• [Data records]
+ + + + +

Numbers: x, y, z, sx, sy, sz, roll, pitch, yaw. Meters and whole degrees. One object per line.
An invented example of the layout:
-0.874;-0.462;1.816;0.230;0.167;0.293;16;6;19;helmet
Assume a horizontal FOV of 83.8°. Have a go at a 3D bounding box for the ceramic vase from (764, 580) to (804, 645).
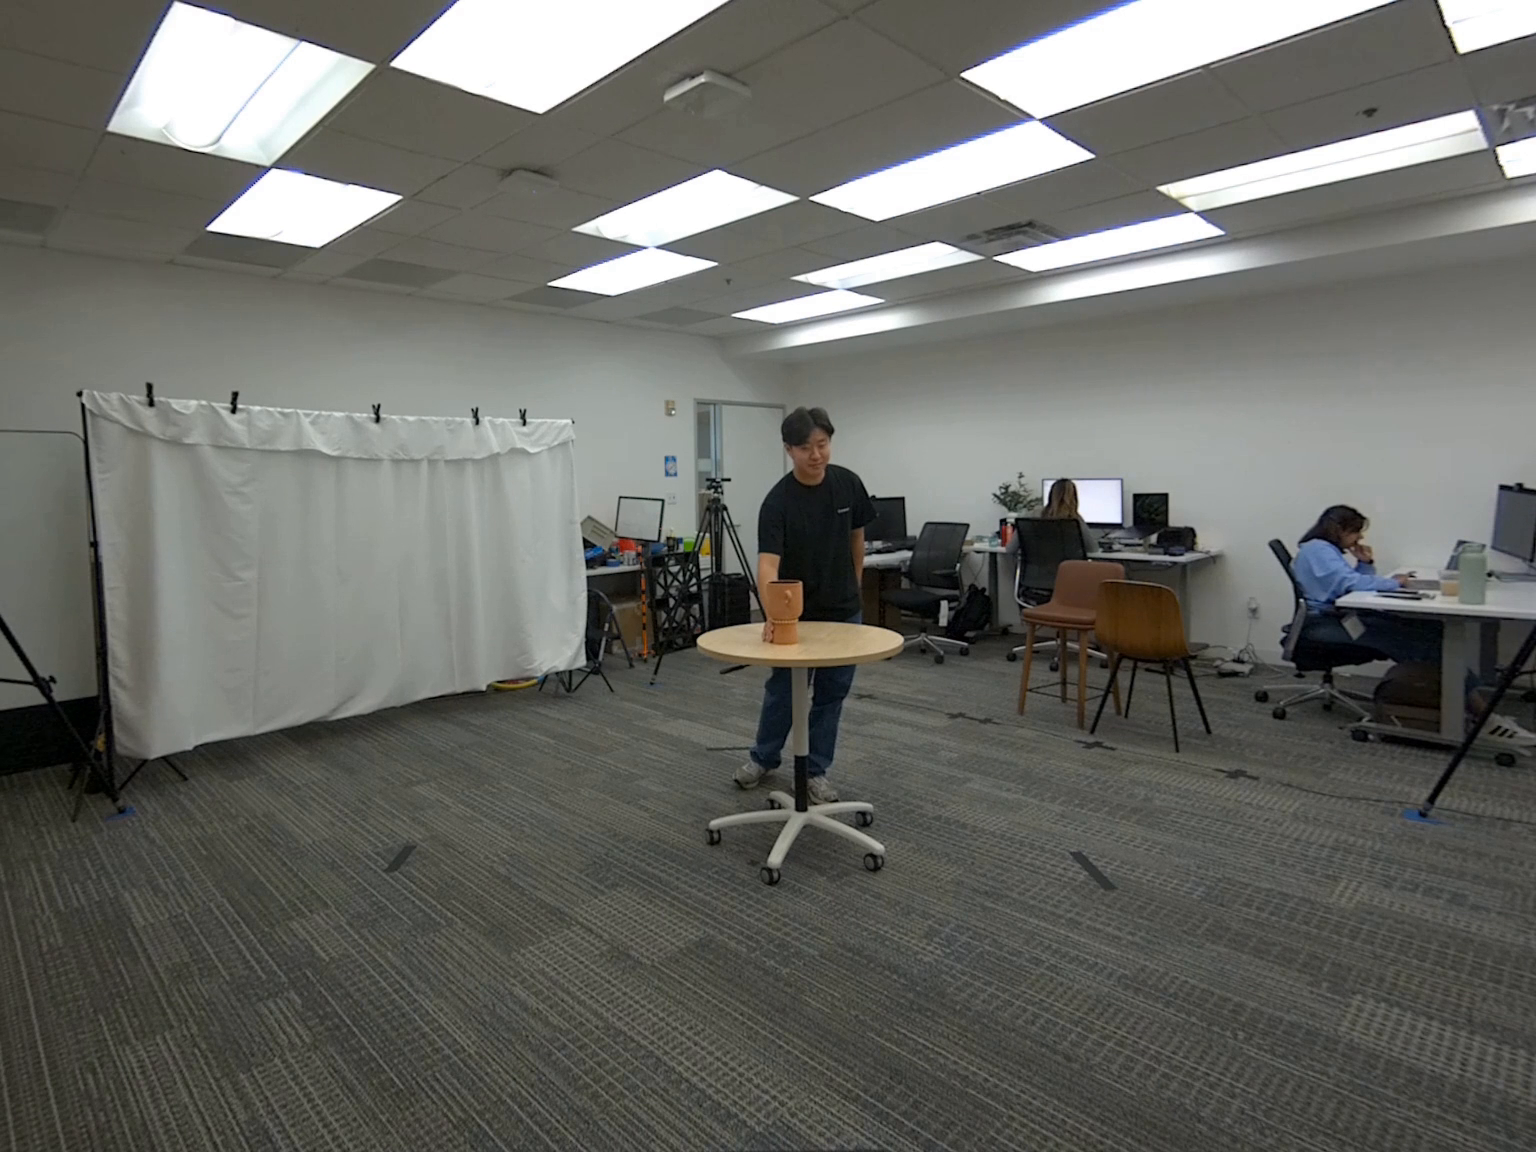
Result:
0.058;0.134;3.111;0.138;0.219;0.155;-1;4;29;ceramic vase
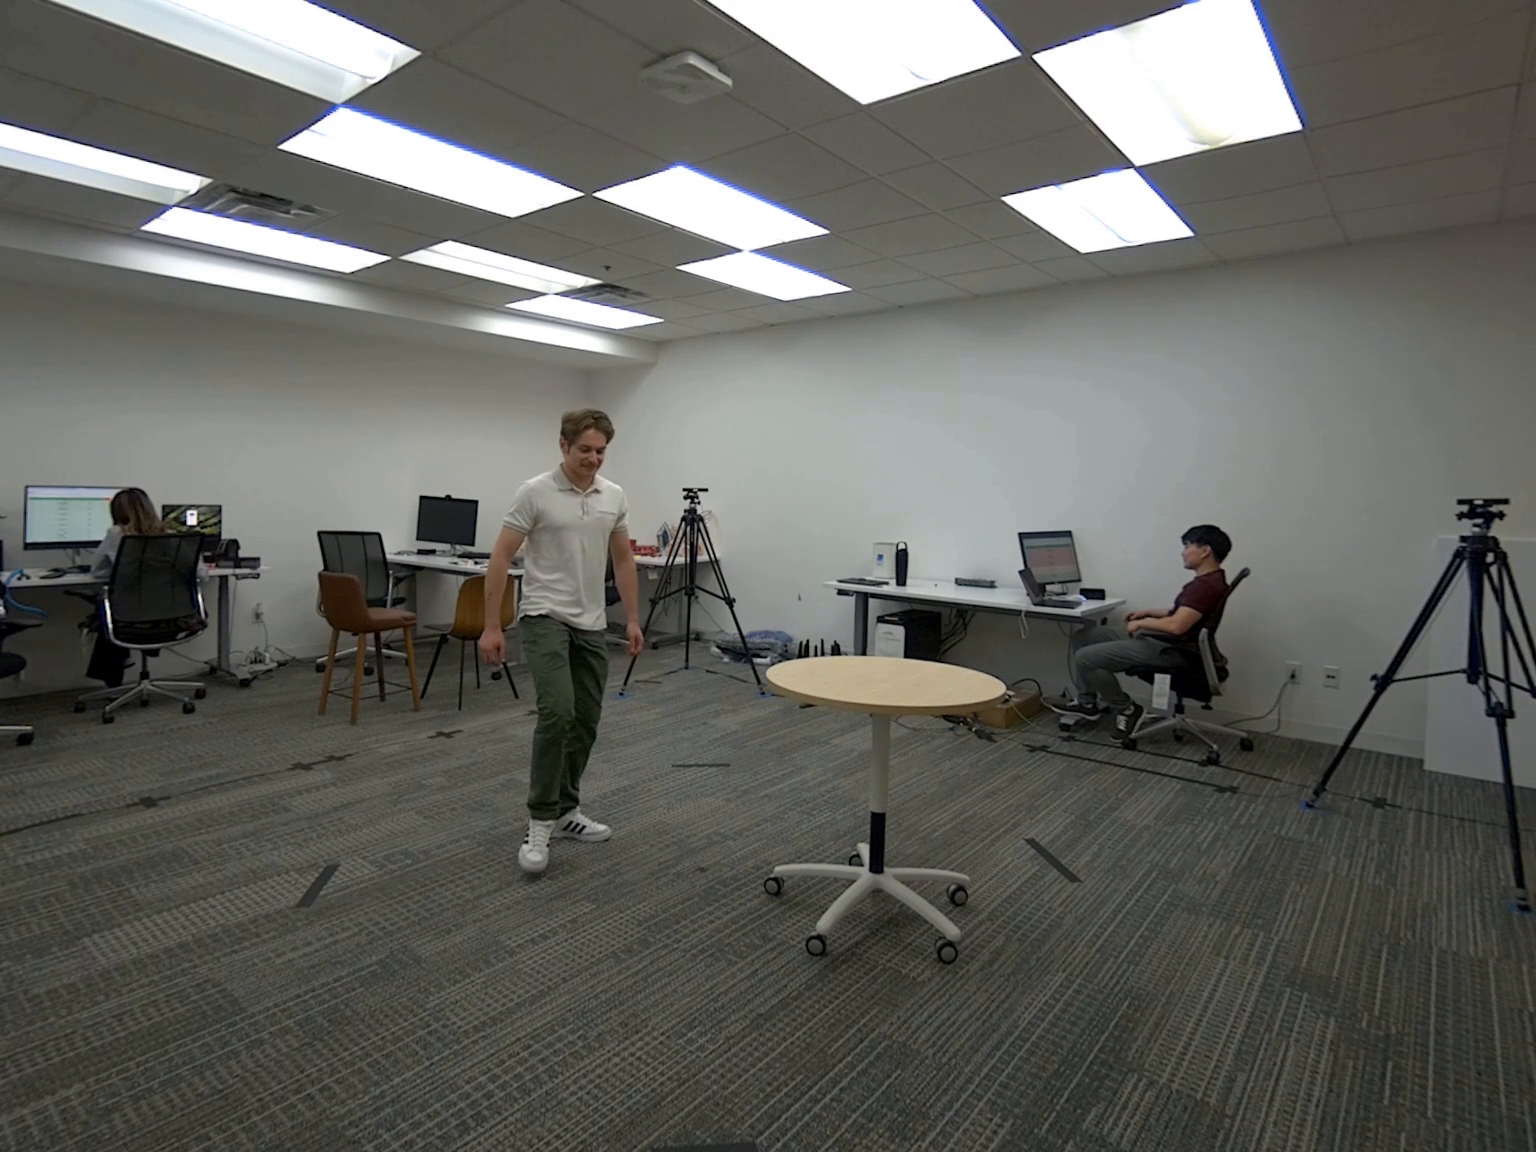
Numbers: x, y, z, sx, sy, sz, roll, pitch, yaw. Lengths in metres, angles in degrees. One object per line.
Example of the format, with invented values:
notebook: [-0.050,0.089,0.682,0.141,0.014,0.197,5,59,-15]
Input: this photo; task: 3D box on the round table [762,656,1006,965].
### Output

+ + + + +

• [Work required]
All entries above are to be reproduced exactly, with no pictures.

• [Response area]
Numbers: x, y, z, sx, sy, sz, roll, pitch, yaw. Meters and whole degrees. One object per line.
An invented example of the layout:
-0.874;-0.462;1.816;0.230;0.167;0.293;16;6;19;helmet
Assume a horizontal FOV of 83.8°. Have a go at a 3D bounding box for the ceramic vase from (764, 580) to (804, 645).
Result:
0.058;0.134;3.111;0.138;0.219;0.155;-1;4;29;ceramic vase
Numbers: x, y, z, sx, sy, sz, roll, pitch, yaw. Lengths in metres, angles in degrees. One object per line.
Example of the format, with invented values:
notebook: [-0.050,0.089,0.682,0.141,0.014,0.197,5,59,-15]
Input: this photo; task: 3D box on the round table [762,656,1006,965].
### Output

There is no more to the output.